Mental deterioration in senile psychosis.

Abstract
Twelve institutionalized senile patients with a mean age of 75.1 yrs. were used as subjects in this study. Their performance on the Wechsler-Bellevue Adult and Adolescent Intelligence Scale and on the Goldstein and Scheerer Objective Sorting Test was compared with the performance of 5 schizophrenics. The majority of the senile patients were unable to sort objects on the basis of conceptual or abstract principles, but were limited to concrete bases of use and reality in a non-immediate situation in their classification of objects. Their object sortings were qualitatively similar to those of the schizophrenics. This behavior bore little or no relation to the patient''s level of ability as measured by the verbal portion of the Wechsler-Bellevue Scale. As a matter of fact, both senile and schizophrenic groups could classify on an abstract verbal level in the similarities part of the Wechsler-Bellevue Scale when they were unable to sort objects on an abstract or conceptual basis. It seems that patients may use what appears to be an abstract verbal concept with a much more restricted meaning. There seemed to be a hierarchy of ability among senile patients in the Object Sorting situation, dependent upon the number of possible bases of sorting in each group of objects.

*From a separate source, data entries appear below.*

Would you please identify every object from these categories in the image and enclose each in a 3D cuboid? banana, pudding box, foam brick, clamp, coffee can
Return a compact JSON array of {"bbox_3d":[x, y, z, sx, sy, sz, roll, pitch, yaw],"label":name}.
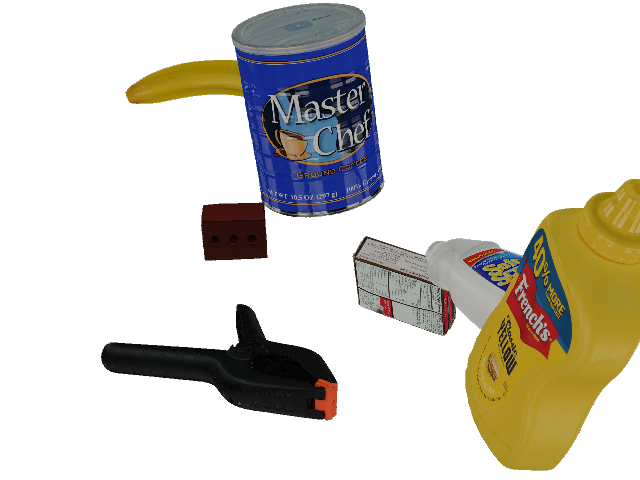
[{"bbox_3d":[-0.110,-0.165,1.139,0.198,0.037,0.069,9,46,18],"label":"banana"},{"bbox_3d":[0.095,0.051,1.194,0.114,0.039,0.090,17,-38,22],"label":"pudding box"},{"bbox_3d":[-0.104,-0.011,1.288,0.078,0.053,0.051,-3,28,-1],"label":"foam brick"},{"bbox_3d":[-0.059,0.102,0.908,0.210,0.036,0.164,13,21,36],"label":"clamp"},{"bbox_3d":[-0.008,-0.104,0.840,0.103,0.140,0.103,-7,28,4],"label":"coffee can"}]

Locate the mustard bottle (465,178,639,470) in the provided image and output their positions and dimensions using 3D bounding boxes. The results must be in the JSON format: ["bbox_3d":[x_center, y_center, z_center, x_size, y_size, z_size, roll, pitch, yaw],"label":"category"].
[{"bbox_3d":[0.137,0.040,0.591,0.058,0.096,0.192,6,-44,-12],"label":"mustard bottle"}]

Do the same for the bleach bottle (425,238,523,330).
[{"bbox_3d":[0.169,0.049,1.012,0.102,0.068,0.251,-15,21,-22],"label":"bleach bottle"}]

When the possibilities were sufficiently limited they were capable of identifying relationships, but solely of a concrete type. Intelligence level is not a factor which facilitates sorting. 8 subjects with I.Q.''s within or above average range were unable to sort at an abstract level; a few others with low I.Q.''s could. Most of the senile subjects experienced great difficulty on the Performance Scale of the Wechsler-Bellevue as well despite high scores on the Verbal Scale. The response of the schizophrenic subjects did not reflect this inability to handle performance materials, and their performance scores and verbal scores were quite comparable. There seems to be some indication of the existence of a qualitative difference in the loss of function in senile deterioration compared to that in schizophrenia.